## [Your goal]
Please transcribe every record below exactly, leaving out the pictures.

[[ Listed entries, beginning ]]

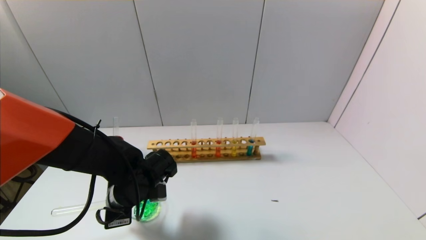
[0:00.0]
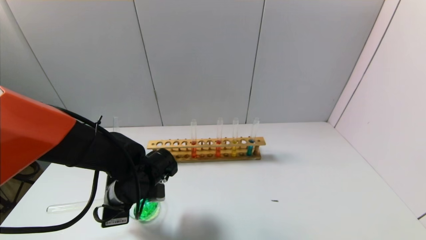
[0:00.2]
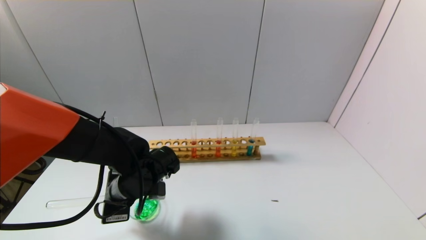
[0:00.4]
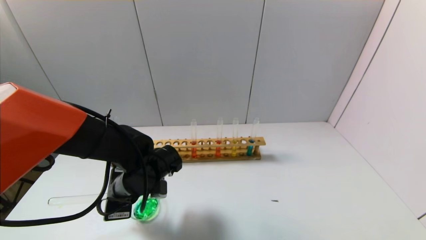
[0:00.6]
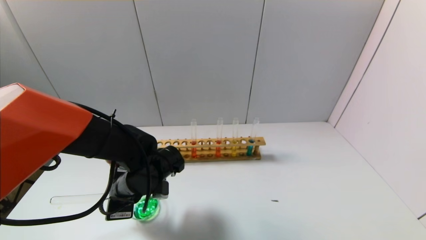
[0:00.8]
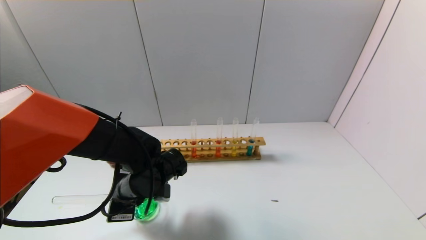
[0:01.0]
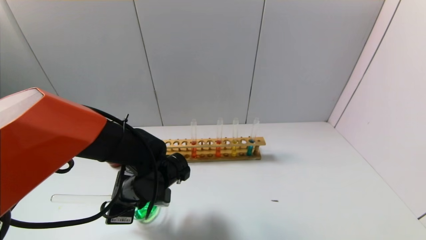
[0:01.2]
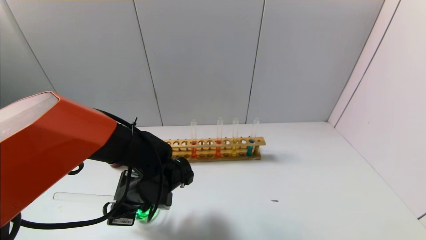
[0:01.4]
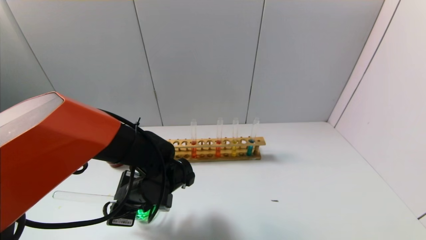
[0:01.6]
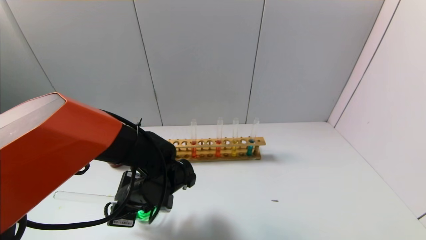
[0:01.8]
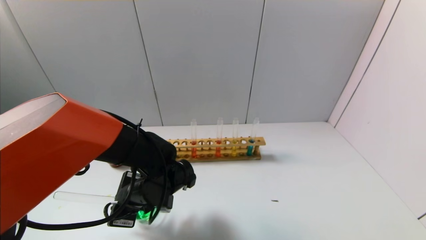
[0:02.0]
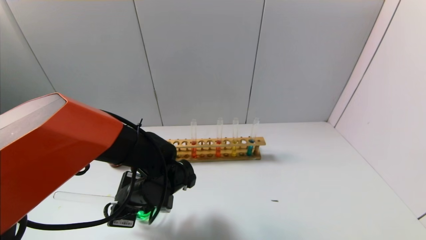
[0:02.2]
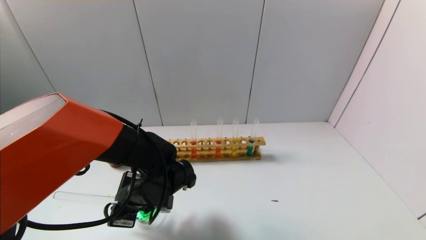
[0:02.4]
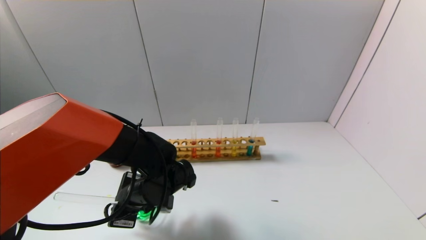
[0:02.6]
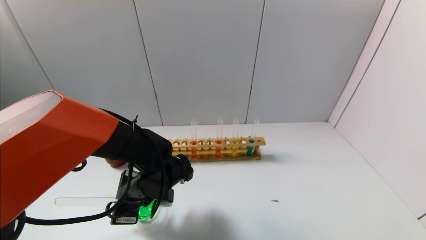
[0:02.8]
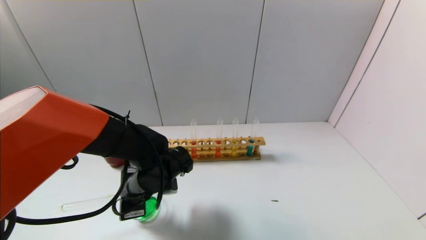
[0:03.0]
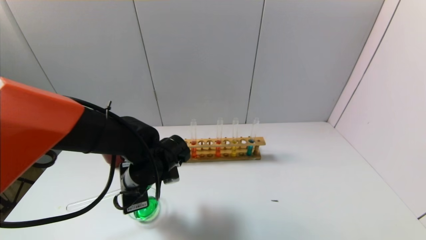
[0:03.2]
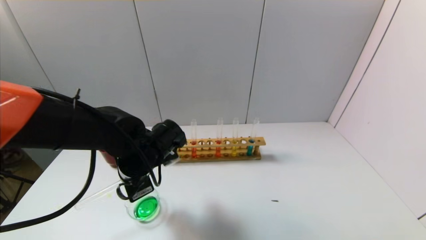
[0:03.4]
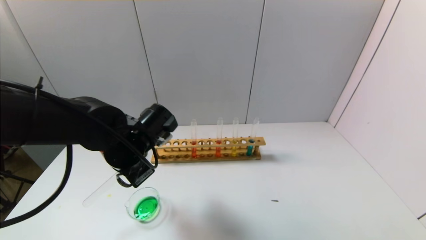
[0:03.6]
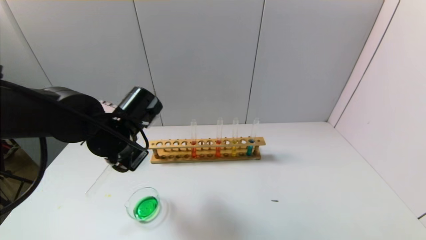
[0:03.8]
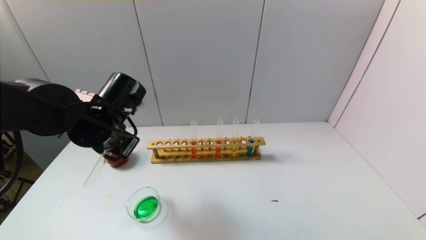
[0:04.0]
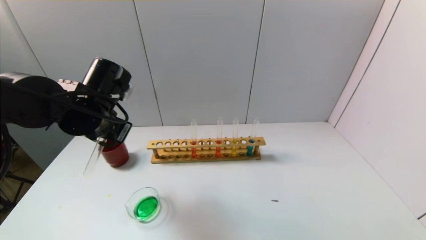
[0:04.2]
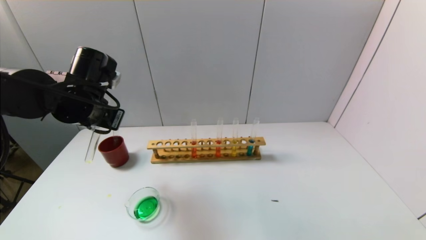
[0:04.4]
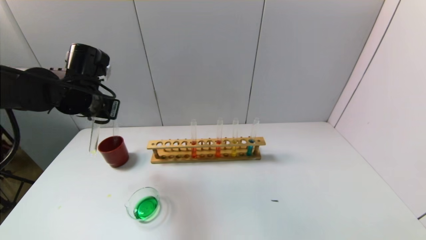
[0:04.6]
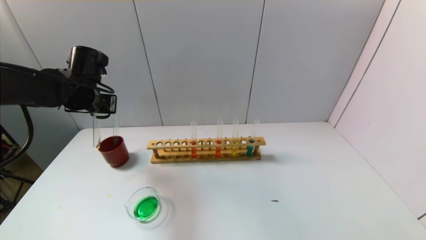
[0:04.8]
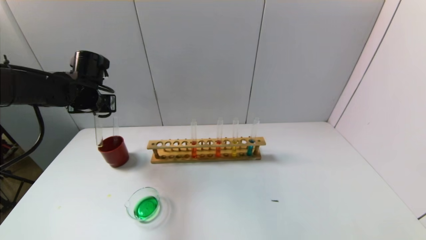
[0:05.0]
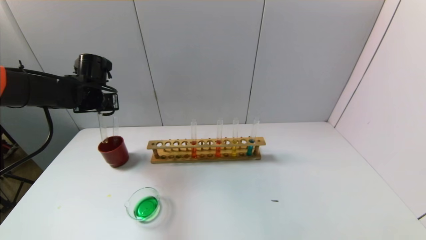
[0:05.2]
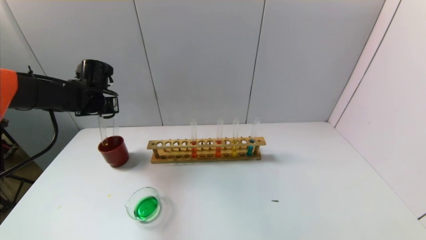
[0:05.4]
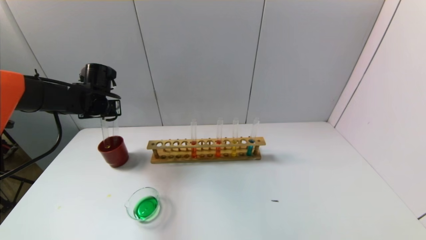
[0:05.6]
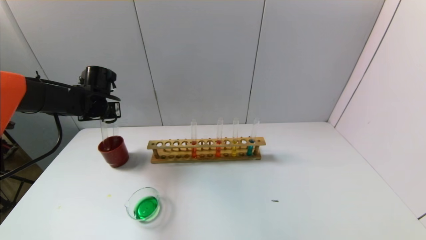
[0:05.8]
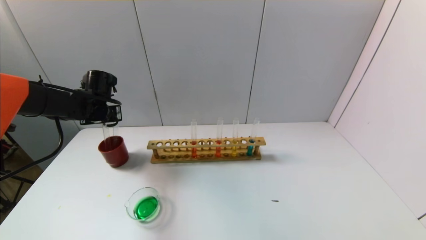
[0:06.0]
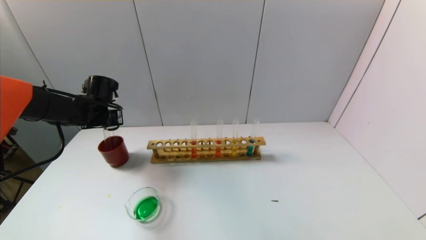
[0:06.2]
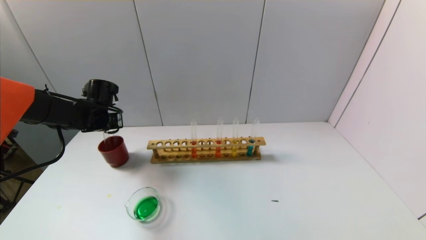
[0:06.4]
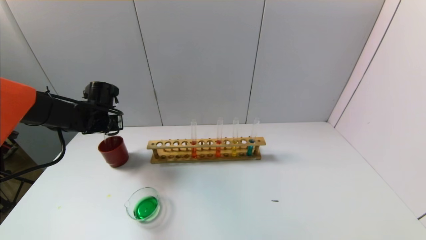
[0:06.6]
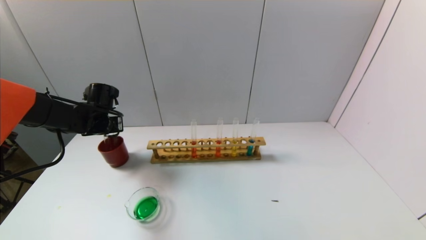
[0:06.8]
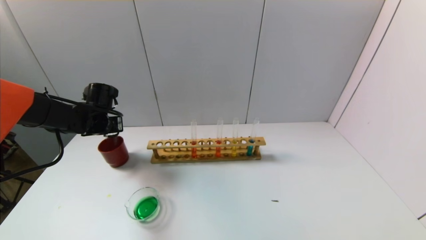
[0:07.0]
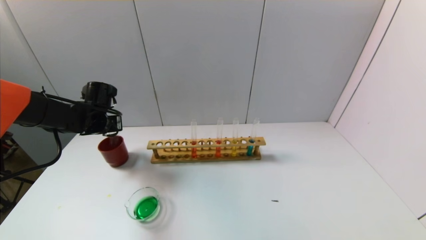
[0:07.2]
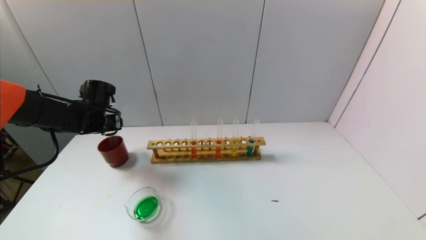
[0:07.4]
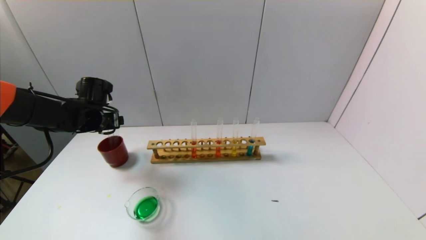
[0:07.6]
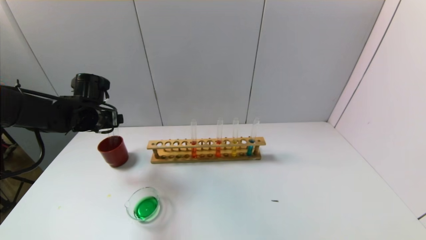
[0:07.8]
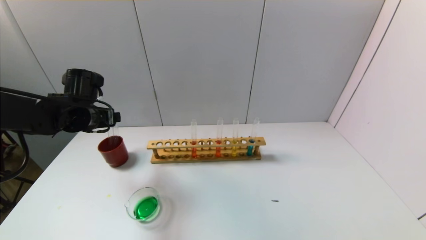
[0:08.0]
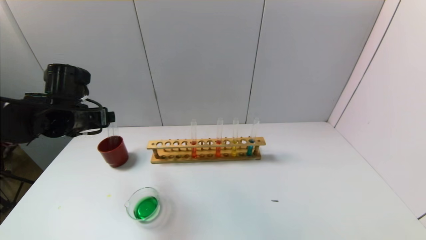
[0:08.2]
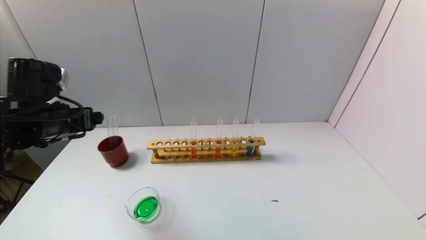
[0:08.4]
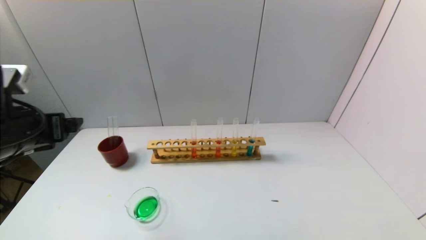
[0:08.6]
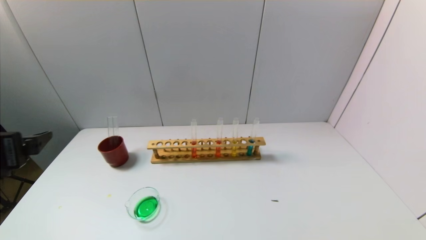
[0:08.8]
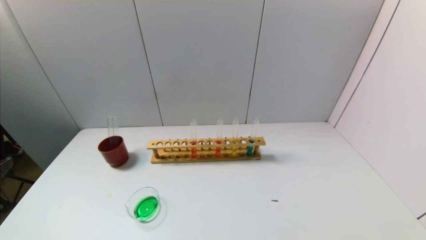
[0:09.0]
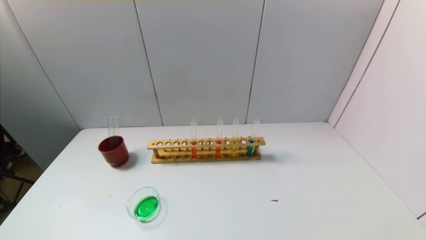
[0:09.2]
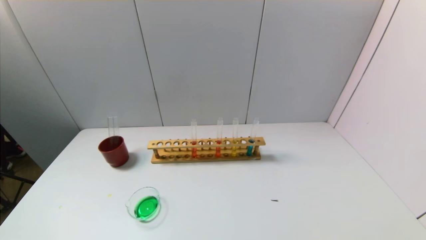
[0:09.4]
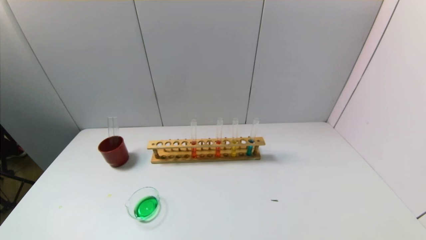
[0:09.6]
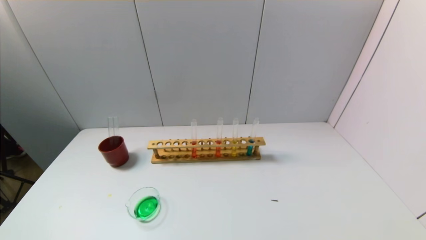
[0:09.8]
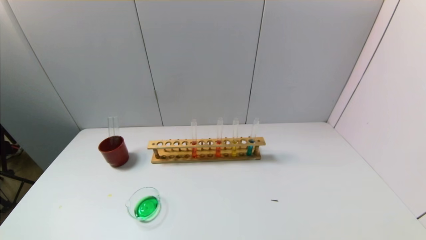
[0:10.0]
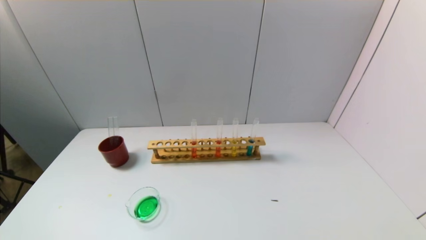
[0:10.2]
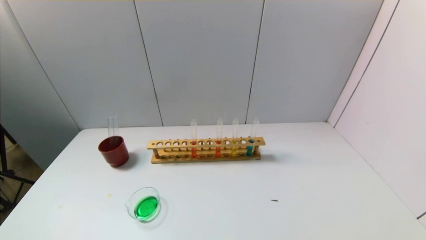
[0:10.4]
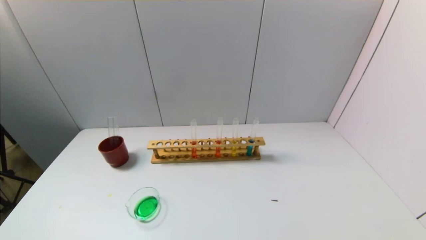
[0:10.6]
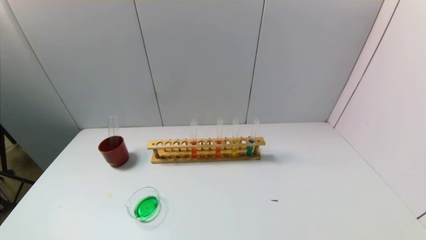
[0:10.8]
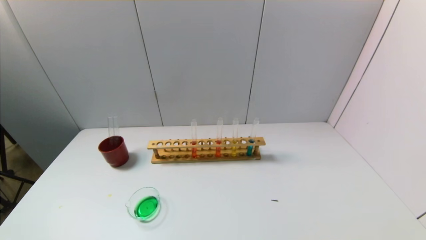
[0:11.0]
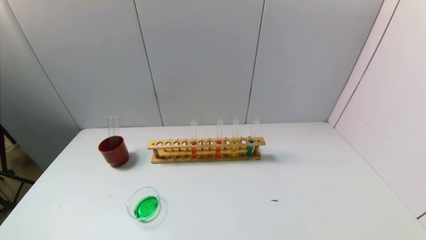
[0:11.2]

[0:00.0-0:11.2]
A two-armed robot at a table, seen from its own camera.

[[ Listed entries, end ]]

## [Your response]
[0:00.0]
[0:00.2]
[0:00.4]
[0:00.6]
[0:00.8]
[0:01.0]
[0:01.2]
[0:01.4]
[0:01.6]
[0:01.8]
[0:02.0]
[0:02.2]
[0:02.4]
[0:02.6]
[0:02.8]
[0:03.0]
[0:03.2]
[0:03.4]
[0:03.6]
[0:03.8]
[0:04.0]
[0:04.2]
[0:04.4]
[0:04.6]
[0:04.8]
[0:05.0]
[0:05.2]
[0:05.4]
[0:05.6]
[0:05.8]
[0:06.0]
[0:06.2]
[0:06.4]
[0:06.6]
[0:06.8]
[0:07.0]
[0:07.2]
[0:07.4]
[0:07.6]
[0:07.8]
[0:08.0]
[0:08.2]
[0:08.4]
[0:08.6]
[0:08.8]
[0:09.0]
[0:09.2]
[0:09.4]
[0:09.6]
[0:09.8]
[0:10.0]
[0:10.2]
[0:10.4]
[0:10.6]
[0:10.8]
[0:11.0]
[0:11.2]

[0:00.0-0:11.2]
A two-armed robot at a table, seen from its own camera.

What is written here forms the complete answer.